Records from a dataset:
---

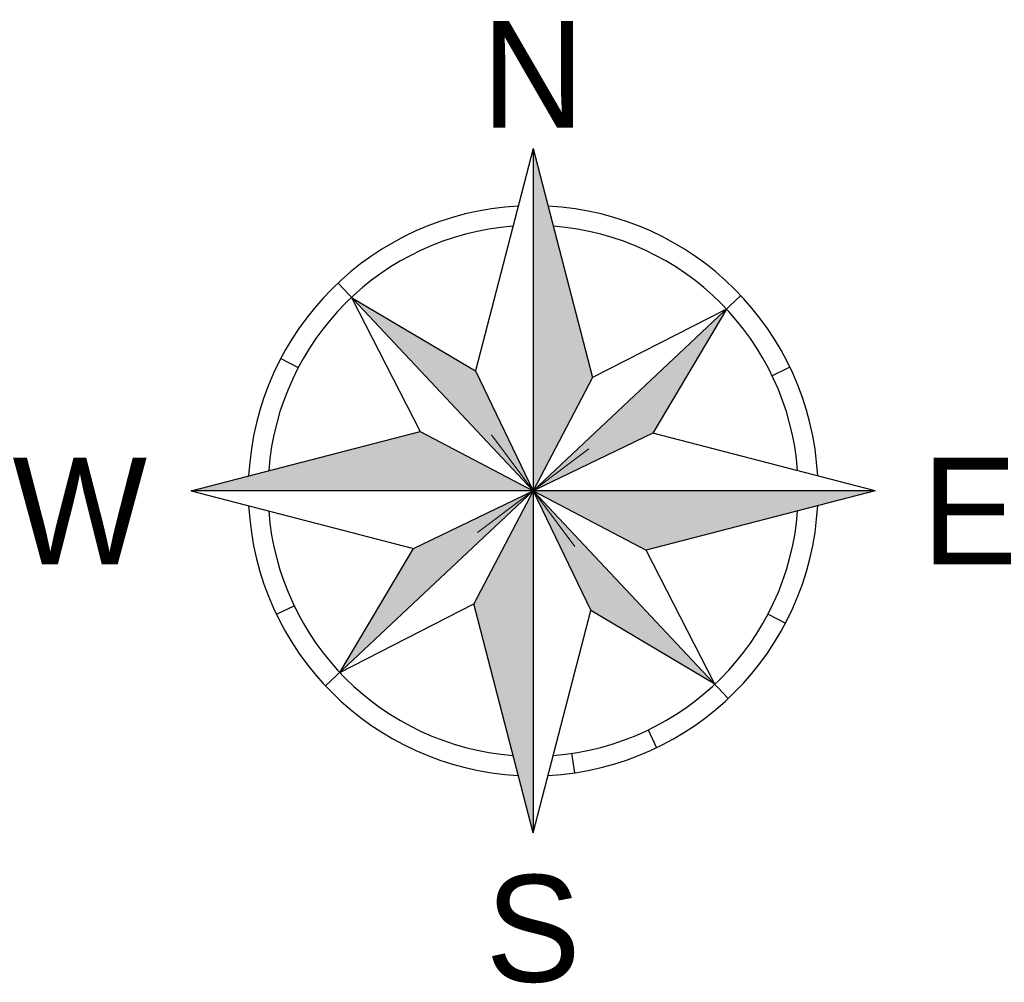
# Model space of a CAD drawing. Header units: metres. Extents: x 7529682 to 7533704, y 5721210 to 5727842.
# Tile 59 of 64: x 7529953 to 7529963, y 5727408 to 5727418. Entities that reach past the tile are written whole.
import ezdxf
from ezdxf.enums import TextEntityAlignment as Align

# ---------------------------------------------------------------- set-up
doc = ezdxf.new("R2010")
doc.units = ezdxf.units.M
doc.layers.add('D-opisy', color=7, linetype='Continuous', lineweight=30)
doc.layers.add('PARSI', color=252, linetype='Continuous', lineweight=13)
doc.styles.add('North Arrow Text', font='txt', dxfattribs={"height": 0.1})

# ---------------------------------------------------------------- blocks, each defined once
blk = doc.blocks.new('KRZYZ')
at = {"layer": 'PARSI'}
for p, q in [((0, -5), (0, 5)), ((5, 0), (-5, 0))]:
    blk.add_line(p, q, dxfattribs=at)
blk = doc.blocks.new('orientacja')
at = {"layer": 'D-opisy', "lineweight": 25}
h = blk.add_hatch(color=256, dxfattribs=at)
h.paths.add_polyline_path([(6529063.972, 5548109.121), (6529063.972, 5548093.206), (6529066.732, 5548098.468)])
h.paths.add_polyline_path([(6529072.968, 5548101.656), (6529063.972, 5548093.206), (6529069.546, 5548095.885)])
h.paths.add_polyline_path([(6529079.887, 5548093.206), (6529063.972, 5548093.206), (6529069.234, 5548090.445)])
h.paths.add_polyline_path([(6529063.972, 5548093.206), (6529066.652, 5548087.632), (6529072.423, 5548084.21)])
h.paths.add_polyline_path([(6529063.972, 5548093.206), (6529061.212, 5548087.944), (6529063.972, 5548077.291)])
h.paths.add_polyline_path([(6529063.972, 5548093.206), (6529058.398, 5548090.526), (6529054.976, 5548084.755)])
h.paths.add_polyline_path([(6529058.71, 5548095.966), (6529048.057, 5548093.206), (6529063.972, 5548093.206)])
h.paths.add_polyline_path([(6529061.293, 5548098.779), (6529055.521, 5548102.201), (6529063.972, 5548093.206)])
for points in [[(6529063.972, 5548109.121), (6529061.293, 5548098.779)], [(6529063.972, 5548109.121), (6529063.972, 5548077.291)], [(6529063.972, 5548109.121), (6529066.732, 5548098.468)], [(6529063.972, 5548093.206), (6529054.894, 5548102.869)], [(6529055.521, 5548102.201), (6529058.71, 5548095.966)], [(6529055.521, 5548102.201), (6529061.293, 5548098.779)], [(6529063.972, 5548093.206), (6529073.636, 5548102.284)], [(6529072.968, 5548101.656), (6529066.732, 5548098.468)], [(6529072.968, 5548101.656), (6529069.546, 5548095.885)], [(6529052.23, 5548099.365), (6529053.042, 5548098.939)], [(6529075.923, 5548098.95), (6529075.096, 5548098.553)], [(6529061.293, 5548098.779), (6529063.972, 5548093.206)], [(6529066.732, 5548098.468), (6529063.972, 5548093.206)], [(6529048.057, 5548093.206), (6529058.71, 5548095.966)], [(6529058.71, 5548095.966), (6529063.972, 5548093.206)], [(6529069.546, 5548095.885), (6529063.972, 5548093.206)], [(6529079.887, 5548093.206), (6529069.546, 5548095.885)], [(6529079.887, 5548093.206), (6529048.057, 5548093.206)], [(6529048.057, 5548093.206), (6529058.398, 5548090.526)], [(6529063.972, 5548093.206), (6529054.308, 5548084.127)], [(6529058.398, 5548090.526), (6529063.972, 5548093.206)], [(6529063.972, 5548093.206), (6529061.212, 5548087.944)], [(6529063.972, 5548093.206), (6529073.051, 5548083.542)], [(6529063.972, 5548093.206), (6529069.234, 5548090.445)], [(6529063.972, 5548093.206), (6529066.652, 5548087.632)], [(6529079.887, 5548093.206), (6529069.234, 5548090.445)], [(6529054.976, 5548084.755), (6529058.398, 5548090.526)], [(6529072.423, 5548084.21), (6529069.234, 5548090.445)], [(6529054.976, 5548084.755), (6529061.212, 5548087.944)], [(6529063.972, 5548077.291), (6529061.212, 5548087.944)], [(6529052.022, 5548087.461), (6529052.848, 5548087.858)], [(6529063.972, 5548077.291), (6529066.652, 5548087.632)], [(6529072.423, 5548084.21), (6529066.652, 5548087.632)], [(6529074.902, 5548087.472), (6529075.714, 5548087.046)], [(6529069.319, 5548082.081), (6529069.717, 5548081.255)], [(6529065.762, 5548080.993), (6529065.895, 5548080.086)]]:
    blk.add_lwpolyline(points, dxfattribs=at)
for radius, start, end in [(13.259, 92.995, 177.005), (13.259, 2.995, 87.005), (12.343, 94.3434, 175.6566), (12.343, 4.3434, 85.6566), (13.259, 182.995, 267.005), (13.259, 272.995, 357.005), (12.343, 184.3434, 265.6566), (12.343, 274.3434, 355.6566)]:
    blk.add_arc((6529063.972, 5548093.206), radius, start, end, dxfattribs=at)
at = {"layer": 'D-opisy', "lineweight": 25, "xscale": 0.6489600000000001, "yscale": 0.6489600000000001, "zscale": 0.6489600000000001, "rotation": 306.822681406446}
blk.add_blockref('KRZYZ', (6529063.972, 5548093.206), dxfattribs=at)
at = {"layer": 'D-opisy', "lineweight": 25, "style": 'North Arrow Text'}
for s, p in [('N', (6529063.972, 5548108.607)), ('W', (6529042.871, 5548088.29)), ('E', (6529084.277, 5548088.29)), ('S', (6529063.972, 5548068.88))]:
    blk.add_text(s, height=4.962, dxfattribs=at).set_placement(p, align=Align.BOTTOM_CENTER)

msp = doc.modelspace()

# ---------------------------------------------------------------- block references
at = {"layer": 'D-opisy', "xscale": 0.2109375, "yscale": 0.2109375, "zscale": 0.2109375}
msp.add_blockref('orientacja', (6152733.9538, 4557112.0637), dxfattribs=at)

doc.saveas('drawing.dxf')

---

• _Work task_: Images must not appear; print each record precisely as it reads.

• _Exercise output_:
# Model space of a CAD drawing. Header units: metres. Extents: x 7529682 to 7533704, y 5721210 to 5727842.
# Tile 59 of 64: x 7529953 to 7529963, y 5727408 to 5727418. Entities that reach past the tile are written whole.
import ezdxf
from ezdxf.enums import TextEntityAlignment as Align

# ---------------------------------------------------------------- set-up
doc = ezdxf.new("R2010")
doc.units = ezdxf.units.M
doc.layers.add('D-opisy', color=7, linetype='Continuous', lineweight=30)
doc.layers.add('PARSI', color=252, linetype='Continuous', lineweight=13)
doc.styles.add('North Arrow Text', font='txt', dxfattribs={"height": 0.1})

# ---------------------------------------------------------------- blocks, each defined once
blk = doc.blocks.new('KRZYZ')
at = {"layer": 'PARSI'}
for p, q in [((0, -5), (0, 5)), ((5, 0), (-5, 0))]:
    blk.add_line(p, q, dxfattribs=at)
blk = doc.blocks.new('orientacja')
at = {"layer": 'D-opisy', "lineweight": 25}
h = blk.add_hatch(color=256, dxfattribs=at)
h.paths.add_polyline_path([(6529063.972, 5548109.121), (6529063.972, 5548093.206), (6529066.732, 5548098.468)])
h.paths.add_polyline_path([(6529072.968, 5548101.656), (6529063.972, 5548093.206), (6529069.546, 5548095.885)])
h.paths.add_polyline_path([(6529079.887, 5548093.206), (6529063.972, 5548093.206), (6529069.234, 5548090.445)])
h.paths.add_polyline_path([(6529063.972, 5548093.206), (6529066.652, 5548087.632), (6529072.423, 5548084.21)])
h.paths.add_polyline_path([(6529063.972, 5548093.206), (6529061.212, 5548087.944), (6529063.972, 5548077.291)])
h.paths.add_polyline_path([(6529063.972, 5548093.206), (6529058.398, 5548090.526), (6529054.976, 5548084.755)])
h.paths.add_polyline_path([(6529058.71, 5548095.966), (6529048.057, 5548093.206), (6529063.972, 5548093.206)])
h.paths.add_polyline_path([(6529061.293, 5548098.779), (6529055.521, 5548102.201), (6529063.972, 5548093.206)])
for points in [[(6529063.972, 5548109.121), (6529061.293, 5548098.779)], [(6529063.972, 5548109.121), (6529063.972, 5548077.291)], [(6529063.972, 5548109.121), (6529066.732, 5548098.468)], [(6529063.972, 5548093.206), (6529054.894, 5548102.869)], [(6529055.521, 5548102.201), (6529058.71, 5548095.966)], [(6529055.521, 5548102.201), (6529061.293, 5548098.779)], [(6529063.972, 5548093.206), (6529073.636, 5548102.284)], [(6529072.968, 5548101.656), (6529066.732, 5548098.468)], [(6529072.968, 5548101.656), (6529069.546, 5548095.885)], [(6529052.23, 5548099.365), (6529053.042, 5548098.939)], [(6529075.923, 5548098.95), (6529075.096, 5548098.553)], [(6529061.293, 5548098.779), (6529063.972, 5548093.206)], [(6529066.732, 5548098.468), (6529063.972, 5548093.206)], [(6529048.057, 5548093.206), (6529058.71, 5548095.966)], [(6529058.71, 5548095.966), (6529063.972, 5548093.206)], [(6529069.546, 5548095.885), (6529063.972, 5548093.206)], [(6529079.887, 5548093.206), (6529069.546, 5548095.885)], [(6529079.887, 5548093.206), (6529048.057, 5548093.206)], [(6529048.057, 5548093.206), (6529058.398, 5548090.526)], [(6529063.972, 5548093.206), (6529054.308, 5548084.127)], [(6529058.398, 5548090.526), (6529063.972, 5548093.206)], [(6529063.972, 5548093.206), (6529061.212, 5548087.944)], [(6529063.972, 5548093.206), (6529073.051, 5548083.542)], [(6529063.972, 5548093.206), (6529069.234, 5548090.445)], [(6529063.972, 5548093.206), (6529066.652, 5548087.632)], [(6529079.887, 5548093.206), (6529069.234, 5548090.445)], [(6529054.976, 5548084.755), (6529058.398, 5548090.526)], [(6529072.423, 5548084.21), (6529069.234, 5548090.445)], [(6529054.976, 5548084.755), (6529061.212, 5548087.944)], [(6529063.972, 5548077.291), (6529061.212, 5548087.944)], [(6529052.022, 5548087.461), (6529052.848, 5548087.858)], [(6529063.972, 5548077.291), (6529066.652, 5548087.632)], [(6529072.423, 5548084.21), (6529066.652, 5548087.632)], [(6529074.902, 5548087.472), (6529075.714, 5548087.046)], [(6529069.319, 5548082.081), (6529069.717, 5548081.255)], [(6529065.762, 5548080.993), (6529065.895, 5548080.086)]]:
    blk.add_lwpolyline(points, dxfattribs=at)
for radius, start, end in [(13.259, 92.995, 177.005), (13.259, 2.995, 87.005), (12.343, 94.3434, 175.6566), (12.343, 4.3434, 85.6566), (13.259, 182.995, 267.005), (13.259, 272.995, 357.005), (12.343, 184.3434, 265.6566), (12.343, 274.3434, 355.6566)]:
    blk.add_arc((6529063.972, 5548093.206), radius, start, end, dxfattribs=at)
at = {"layer": 'D-opisy', "lineweight": 25, "xscale": 0.6489600000000001, "yscale": 0.6489600000000001, "zscale": 0.6489600000000001, "rotation": 306.822681406446}
blk.add_blockref('KRZYZ', (6529063.972, 5548093.206), dxfattribs=at)
at = {"layer": 'D-opisy', "lineweight": 25, "style": 'North Arrow Text'}
for s, p in [('N', (6529063.972, 5548108.607)), ('W', (6529042.871, 5548088.29)), ('E', (6529084.277, 5548088.29)), ('S', (6529063.972, 5548068.88))]:
    blk.add_text(s, height=4.962, dxfattribs=at).set_placement(p, align=Align.BOTTOM_CENTER)

msp = doc.modelspace()

# ---------------------------------------------------------------- block references
at = {"layer": 'D-opisy', "xscale": 0.2109375, "yscale": 0.2109375, "zscale": 0.2109375}
msp.add_blockref('orientacja', (6152733.9538, 4557112.0637), dxfattribs=at)

doc.saveas('drawing.dxf')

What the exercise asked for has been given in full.